§ **Work request**
Repeat the stretch of entries below from the line with "Give one 3D" through the line with "In this photo, please". Include both ends and add nothing.

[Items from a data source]
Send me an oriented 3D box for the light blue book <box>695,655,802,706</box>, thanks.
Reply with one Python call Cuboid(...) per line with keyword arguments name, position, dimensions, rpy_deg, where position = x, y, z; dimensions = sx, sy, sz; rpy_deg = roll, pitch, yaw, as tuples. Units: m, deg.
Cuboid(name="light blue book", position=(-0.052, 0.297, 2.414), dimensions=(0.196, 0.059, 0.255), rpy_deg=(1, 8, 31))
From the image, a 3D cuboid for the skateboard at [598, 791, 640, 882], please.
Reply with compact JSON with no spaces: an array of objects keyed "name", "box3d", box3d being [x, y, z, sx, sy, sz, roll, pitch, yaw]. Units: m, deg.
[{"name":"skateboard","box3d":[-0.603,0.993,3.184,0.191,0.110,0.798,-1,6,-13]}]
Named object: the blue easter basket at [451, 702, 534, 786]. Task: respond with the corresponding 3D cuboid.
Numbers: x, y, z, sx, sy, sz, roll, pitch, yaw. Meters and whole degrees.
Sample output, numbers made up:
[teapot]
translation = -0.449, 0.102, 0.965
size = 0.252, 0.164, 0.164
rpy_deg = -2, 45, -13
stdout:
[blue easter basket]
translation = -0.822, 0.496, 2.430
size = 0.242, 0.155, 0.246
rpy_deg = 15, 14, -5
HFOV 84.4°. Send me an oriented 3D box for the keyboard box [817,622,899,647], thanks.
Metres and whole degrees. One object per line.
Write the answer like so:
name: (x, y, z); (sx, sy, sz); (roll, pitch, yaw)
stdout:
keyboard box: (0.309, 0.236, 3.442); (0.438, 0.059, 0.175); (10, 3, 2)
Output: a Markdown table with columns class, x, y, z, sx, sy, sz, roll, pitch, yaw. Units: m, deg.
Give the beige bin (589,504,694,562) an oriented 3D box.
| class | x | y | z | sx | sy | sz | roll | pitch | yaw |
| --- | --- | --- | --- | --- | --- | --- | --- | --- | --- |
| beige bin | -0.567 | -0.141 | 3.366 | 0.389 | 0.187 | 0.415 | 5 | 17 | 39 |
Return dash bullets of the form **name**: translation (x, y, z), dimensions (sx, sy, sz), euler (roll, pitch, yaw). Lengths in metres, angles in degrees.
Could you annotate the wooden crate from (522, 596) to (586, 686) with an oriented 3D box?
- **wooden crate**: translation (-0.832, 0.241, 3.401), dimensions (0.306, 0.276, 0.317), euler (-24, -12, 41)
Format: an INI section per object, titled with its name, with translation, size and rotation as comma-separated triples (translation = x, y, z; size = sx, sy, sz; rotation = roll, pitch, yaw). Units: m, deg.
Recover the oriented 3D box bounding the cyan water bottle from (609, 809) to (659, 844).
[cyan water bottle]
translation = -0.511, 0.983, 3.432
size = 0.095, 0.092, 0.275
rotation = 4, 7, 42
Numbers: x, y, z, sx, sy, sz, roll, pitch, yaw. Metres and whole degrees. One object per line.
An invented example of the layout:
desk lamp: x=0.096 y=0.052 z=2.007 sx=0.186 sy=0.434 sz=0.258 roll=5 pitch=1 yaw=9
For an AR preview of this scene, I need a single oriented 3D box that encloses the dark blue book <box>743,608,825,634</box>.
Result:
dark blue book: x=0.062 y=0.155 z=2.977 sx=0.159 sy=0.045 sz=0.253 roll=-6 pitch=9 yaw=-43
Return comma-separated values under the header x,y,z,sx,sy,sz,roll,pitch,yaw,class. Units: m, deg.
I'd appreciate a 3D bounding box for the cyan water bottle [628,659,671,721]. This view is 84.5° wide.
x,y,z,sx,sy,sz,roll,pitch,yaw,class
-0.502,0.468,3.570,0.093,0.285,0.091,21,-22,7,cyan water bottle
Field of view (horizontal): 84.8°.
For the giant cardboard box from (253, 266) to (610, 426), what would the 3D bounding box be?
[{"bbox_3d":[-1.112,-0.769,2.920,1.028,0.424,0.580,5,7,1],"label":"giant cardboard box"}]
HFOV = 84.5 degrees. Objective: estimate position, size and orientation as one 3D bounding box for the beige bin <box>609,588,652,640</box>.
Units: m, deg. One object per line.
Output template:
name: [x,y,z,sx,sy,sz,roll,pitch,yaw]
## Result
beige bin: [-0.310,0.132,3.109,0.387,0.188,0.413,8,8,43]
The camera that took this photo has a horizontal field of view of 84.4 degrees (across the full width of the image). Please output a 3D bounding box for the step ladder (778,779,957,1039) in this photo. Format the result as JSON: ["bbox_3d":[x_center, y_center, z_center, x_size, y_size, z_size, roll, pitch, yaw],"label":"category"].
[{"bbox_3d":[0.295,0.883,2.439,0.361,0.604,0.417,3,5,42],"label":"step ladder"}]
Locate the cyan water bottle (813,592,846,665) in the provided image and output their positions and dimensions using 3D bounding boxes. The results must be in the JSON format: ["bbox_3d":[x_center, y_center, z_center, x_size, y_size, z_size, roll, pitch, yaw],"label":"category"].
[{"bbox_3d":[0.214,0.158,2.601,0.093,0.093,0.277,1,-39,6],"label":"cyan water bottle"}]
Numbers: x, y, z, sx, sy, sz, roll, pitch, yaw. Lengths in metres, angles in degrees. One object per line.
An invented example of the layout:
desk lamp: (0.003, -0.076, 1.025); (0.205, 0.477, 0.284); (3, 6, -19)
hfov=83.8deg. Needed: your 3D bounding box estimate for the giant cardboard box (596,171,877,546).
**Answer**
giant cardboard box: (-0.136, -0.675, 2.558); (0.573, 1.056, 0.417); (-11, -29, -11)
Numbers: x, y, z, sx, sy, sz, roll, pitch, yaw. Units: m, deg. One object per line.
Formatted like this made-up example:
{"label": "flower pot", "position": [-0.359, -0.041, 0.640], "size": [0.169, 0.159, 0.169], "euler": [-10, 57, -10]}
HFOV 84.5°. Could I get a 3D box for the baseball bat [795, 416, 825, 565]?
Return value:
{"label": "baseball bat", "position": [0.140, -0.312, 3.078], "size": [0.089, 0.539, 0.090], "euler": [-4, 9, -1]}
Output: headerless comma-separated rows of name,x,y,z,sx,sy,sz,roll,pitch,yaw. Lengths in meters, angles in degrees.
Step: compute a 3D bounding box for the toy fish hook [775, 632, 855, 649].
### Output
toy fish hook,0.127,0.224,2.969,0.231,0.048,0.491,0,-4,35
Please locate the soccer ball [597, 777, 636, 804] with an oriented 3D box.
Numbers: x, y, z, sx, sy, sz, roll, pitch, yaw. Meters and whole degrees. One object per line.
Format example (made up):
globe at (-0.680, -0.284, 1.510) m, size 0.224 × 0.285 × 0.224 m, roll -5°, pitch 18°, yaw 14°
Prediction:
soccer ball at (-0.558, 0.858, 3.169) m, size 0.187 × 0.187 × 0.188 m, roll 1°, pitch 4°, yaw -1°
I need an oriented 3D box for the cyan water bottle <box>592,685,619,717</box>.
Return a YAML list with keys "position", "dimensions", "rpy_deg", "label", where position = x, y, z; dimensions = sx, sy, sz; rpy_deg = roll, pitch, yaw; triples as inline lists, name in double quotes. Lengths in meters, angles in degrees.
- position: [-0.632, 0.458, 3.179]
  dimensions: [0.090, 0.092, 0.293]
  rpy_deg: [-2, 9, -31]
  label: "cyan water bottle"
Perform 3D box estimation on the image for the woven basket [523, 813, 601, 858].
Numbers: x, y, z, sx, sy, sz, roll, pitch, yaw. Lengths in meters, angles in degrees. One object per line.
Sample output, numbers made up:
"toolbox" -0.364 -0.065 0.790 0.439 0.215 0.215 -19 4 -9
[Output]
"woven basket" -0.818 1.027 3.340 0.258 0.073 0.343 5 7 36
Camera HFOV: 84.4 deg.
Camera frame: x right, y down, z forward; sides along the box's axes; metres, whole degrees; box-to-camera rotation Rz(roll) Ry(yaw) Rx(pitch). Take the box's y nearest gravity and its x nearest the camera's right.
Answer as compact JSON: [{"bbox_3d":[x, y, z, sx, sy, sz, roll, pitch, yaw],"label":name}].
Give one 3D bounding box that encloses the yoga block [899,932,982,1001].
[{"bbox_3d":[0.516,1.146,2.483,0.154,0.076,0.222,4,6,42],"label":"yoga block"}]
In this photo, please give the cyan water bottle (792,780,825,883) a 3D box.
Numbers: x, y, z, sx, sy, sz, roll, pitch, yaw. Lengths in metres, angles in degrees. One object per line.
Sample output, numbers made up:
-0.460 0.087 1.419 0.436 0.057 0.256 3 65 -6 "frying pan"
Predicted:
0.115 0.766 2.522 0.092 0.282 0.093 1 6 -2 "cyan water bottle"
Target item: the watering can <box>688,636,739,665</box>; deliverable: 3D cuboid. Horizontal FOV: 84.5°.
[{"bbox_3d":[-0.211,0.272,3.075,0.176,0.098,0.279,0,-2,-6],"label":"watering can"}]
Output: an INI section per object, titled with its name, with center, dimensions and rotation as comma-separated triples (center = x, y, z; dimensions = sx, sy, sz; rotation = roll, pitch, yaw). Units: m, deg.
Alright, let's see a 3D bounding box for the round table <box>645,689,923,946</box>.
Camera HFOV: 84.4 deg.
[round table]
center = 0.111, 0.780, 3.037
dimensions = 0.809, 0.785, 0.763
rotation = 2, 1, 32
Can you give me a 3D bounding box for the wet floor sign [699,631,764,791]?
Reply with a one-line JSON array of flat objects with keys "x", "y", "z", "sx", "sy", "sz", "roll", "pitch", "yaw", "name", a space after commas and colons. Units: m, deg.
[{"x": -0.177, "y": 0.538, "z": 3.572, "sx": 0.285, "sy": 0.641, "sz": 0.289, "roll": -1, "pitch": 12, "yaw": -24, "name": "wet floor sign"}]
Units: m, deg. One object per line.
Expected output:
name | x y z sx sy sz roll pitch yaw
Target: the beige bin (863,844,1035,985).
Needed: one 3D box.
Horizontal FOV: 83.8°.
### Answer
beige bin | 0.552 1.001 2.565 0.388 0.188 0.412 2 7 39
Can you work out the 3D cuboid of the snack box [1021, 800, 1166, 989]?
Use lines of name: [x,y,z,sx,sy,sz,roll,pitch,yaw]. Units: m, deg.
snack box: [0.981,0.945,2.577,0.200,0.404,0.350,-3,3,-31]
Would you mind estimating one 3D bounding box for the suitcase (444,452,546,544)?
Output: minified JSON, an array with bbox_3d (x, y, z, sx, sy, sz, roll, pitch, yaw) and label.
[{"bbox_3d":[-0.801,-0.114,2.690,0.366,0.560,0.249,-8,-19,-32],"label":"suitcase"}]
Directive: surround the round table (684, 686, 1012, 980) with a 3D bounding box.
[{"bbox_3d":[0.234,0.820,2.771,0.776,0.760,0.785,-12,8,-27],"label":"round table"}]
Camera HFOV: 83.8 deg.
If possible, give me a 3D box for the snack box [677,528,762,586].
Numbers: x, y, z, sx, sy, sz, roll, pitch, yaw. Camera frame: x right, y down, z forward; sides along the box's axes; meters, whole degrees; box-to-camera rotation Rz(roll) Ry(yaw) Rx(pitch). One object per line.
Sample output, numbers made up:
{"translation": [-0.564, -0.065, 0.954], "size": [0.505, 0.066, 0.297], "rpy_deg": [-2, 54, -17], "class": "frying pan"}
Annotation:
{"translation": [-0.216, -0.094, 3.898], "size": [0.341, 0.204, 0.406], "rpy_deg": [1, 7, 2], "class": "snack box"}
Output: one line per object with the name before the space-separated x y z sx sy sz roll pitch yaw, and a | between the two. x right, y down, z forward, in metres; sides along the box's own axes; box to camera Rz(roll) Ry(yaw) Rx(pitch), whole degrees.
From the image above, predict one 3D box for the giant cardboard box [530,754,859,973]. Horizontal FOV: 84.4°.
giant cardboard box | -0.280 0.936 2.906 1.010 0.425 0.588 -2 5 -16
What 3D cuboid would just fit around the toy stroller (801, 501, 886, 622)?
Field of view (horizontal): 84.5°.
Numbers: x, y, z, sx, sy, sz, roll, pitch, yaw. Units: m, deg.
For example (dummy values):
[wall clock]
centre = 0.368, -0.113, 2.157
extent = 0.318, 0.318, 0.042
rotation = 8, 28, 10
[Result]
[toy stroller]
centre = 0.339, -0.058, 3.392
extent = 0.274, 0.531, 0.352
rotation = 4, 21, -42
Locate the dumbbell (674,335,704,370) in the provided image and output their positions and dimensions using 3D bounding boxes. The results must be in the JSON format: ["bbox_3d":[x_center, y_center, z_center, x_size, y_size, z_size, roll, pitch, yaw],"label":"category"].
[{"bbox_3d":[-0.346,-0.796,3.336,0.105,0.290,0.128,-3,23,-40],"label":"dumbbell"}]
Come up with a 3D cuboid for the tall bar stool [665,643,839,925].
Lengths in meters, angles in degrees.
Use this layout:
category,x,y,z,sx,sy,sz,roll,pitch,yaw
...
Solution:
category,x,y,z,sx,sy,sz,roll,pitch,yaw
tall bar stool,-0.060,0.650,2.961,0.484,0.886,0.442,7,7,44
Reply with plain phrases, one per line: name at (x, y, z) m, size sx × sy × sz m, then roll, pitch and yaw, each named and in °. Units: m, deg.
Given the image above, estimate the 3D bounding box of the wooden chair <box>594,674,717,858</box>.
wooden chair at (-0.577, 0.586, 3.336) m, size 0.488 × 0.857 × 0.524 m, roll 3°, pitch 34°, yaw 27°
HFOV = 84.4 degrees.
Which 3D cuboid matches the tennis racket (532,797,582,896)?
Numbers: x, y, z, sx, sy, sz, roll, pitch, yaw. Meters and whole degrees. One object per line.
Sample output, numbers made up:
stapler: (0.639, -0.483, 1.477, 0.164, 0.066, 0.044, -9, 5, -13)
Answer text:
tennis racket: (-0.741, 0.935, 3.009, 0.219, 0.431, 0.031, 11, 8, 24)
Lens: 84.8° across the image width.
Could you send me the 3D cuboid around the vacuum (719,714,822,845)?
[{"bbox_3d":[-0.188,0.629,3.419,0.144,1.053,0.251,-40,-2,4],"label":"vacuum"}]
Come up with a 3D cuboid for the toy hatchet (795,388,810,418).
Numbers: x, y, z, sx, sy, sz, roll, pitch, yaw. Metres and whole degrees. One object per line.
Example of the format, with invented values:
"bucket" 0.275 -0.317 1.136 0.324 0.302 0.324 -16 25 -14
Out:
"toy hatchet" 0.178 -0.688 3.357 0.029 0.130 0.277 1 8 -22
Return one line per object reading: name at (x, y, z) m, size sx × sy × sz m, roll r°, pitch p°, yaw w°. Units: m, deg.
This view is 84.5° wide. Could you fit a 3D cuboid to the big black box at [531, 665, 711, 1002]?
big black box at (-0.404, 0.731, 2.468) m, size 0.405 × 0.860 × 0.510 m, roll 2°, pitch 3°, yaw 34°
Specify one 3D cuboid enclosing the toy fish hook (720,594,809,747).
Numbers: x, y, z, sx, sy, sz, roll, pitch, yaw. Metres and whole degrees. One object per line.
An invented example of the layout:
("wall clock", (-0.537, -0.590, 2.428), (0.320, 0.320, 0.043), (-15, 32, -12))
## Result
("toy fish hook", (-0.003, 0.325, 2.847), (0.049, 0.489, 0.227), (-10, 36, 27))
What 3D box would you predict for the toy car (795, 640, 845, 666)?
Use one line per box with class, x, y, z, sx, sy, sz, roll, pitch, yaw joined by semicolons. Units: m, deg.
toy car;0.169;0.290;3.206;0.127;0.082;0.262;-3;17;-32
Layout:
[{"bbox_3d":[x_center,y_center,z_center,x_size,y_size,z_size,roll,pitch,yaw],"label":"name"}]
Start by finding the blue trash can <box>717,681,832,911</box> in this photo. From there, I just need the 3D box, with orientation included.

§ **Task result**
Give one 3D bounding box that encloses the yoga block [899,932,982,1001].
[{"bbox_3d":[0.516,1.146,2.483,0.154,0.076,0.222,4,6,42],"label":"yoga block"}]
In this photo, please give the cyan water bottle (792,780,825,883) a 3D box.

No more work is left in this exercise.